Dessert was definitely the highlight. I had the Chocolate Silk Cake which was served with a scoop of espresso gelato. Plated with a chocolate drizzle and a few raspberries, the soft cake lived up to its “silk” moniker, melting at mouth temperature and releasing its bittersweet bouquet. I can’t say enough about this dessert (except maybe it would have gone great with some good coffee – had I even been offered the opportunity to order any). Sara W. had the cake too and concurred that it was the bees knees. Christian and Andy had the special bread pudding and ate about a third of it and the accompanying “Indonesian coffee sauce” – if that says anything. Jeff W. had the second dessert on the menu and liked it – for the life of me, I can’t remember what it was, but that was my second choice.
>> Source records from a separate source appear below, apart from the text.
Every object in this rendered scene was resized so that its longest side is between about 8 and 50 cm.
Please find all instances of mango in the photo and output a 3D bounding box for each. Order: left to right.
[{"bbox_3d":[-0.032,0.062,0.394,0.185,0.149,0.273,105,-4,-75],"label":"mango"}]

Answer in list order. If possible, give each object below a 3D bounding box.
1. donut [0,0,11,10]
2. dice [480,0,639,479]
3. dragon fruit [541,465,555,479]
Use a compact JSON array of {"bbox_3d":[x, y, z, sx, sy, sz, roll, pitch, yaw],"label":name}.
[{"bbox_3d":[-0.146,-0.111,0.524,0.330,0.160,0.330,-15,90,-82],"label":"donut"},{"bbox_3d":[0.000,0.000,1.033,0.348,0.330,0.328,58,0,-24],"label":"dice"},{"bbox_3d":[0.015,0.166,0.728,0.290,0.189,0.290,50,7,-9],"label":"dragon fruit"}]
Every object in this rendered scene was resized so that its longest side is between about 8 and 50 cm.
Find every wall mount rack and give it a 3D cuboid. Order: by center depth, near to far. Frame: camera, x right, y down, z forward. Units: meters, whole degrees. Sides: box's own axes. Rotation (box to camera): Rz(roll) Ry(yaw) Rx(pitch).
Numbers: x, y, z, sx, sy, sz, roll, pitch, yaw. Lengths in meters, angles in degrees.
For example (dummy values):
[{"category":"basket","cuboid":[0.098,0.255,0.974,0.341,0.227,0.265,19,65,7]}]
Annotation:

It was creamy and served in a Martini glass…
A few of the dinner attendees said they had better food and service at this establishment on previous visits. There were some timing issues, like one satay platter coming out about half-an-hour after the first, and two people ordering the “spicy seafood curry” and one getting theirs at the beginning of the entree service, and the other coming out 15-minutes later (and cold). I don’t fault our server – I get the impression she was actually trying to do her best given the circumstances. I think it’s an organazational issue in the kitchen that’s at fault.
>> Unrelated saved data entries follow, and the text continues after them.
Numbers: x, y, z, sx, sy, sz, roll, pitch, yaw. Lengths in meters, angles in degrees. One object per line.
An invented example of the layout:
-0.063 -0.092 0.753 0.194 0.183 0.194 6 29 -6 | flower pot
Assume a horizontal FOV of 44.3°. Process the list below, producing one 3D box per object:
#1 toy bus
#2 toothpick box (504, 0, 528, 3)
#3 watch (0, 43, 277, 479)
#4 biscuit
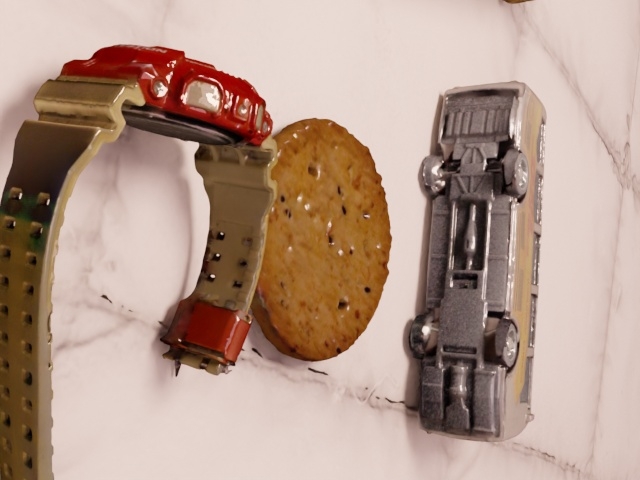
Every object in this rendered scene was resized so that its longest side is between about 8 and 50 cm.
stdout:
0.162 0.019 0.780 0.138 0.097 0.343 15 77 -60 | toy bus
0.187 -0.341 0.736 0.308 0.190 0.188 -12 103 -49 | toothpick box
-0.099 0.030 0.437 0.164 0.102 0.269 -5 103 -55 | watch
-0.001 0.000 0.609 0.187 0.027 0.188 -1 91 -55 | biscuit

In general, I’d say give them a chance. Food wise, it was spotty – it would be hard to give a blanket recommendation, like “stay away from the seafood”, since half of it was really good, and the other half was rubbish. The prices are generally high for the quantity and quality (preparation quality or ingredient quality – you choose: it’s either one or the other that is lacking on any given occasion). The salads are super-tiny, even the >$5USD ones. I’d almost have to say go eat somewhere else, then go here for dessert and fruity cocktails and atmosphere.
Two-and-a-half Monkeys out of four
Here’s some little post-script notes:
The special that wasn’t the duck was a “whole wok fried snapper”. One of the other tables ordered it. When I was walking by on the way to the bathroom, I caught a whiff of that “not fresh fish stank” that turned my stomach. Guess where the smell came from…
When we were leaving, the Asian hostess didn’t even acknowledge us. She had said, “good night – come again,” to all the predominantly-caucasian groups leaving before us… WTF?!